Castro isn’t the only one that’s struggling with the bat. Aramis Ramirez is in a slump of his own, going 6-for-38 in his last 10 games, and has been stuck on one home run since April 6.

“It’s been tough to get extra bases here lately. The wind’s blowing in [almost] every day,” Ramirez said. “But there’s nothing you can do about it. I’ve been here for a while and I know this is going to happen early in the year. Hopefully [the offense] comes sooner than later.”

Ramirez admitted that it’s difficult to be patient when the offense is struggling, but he pointed out that you can’t change what you’re doing at the plate. Ramirez asserted that, especially with veterans that have had previous success, they have to stay confident things will turn around and that making drastic changes will only prolong the issue.

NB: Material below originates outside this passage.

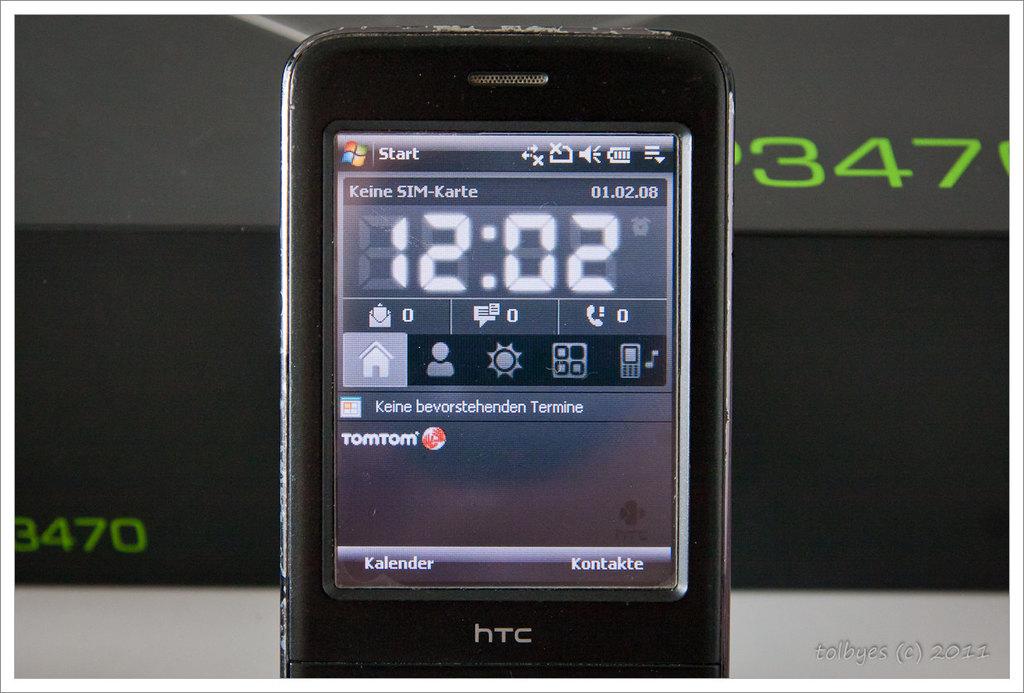What time is seen on the phone?
Ensure brevity in your answer.  12:02. What brand is this device?
Your response must be concise. Htc.

Bright spot: Starter Ryan Dempster delivered his second straight strong outing (7 IP, 2 ER, 5 H, 4 K, 0 BB) since posting the worst line of career when he gave up seven runs in 1/3 of an inning on April 28 against the Arizona Diamondbacks.

“Anything’s better than the way I was pitching,” Dempster said, summing things up quite nicely.

Dempster attributed his recent turnaround to his ability to locate his pitches better and keeping the ball low in the zone, inducing more groundball outs. He’s also eliminated the walks -- after walking the first two batters on eight pitches in his last start he hasn’t handed out a free pass since -- which is always key to a pitcher’s success.

“He looks more in control of himself, like he’s got it figured out,” Quade said. “He’s come to grips with some of the things he needed to figure out and he put together two quality starts.”

Quade is sure that if his starters keep giving him outings like the one Dempster delivered today, the wins will eventually come. However, for that to happen, the Cubs are going to need to get some runners across home plate.

“Sooner or later you relax and get it done,” Quade said. “Or you don’t, the struggle continues and you come back the next day and try and get it done.”

Samardzija settling in: Over the past three-plus seasons, Jeff Samardzija has been sent back and forth between the minors and big leagues and his role has frequently changed. Other than some flashes when he was first called up in 2008, Samardzija never really lived up to his draft-hype, either as a starter or a reliever.

However, after posting a 1-2-3 eighth inning today, Samardzija has now put together 14 straight scoreless innings. His walk count is a little higher than he’d like (nine during his scoreless streak, 18 on the season), but it’s an impressive run nonetheless.

“It’s about going out there and repeating what you’re doing, taking confidence to the mound and going from there,” Samardzija said. “Q’s been putting me in some great situations, some tight games, letting me work some innings.”

Samardzija’s emergence adds to an already solid bullpen led by Carlos Marmol, Kerry Wood and Sean Marshall. His continued success could lead to the Cubs boasting one of the strongest bullpens in the league.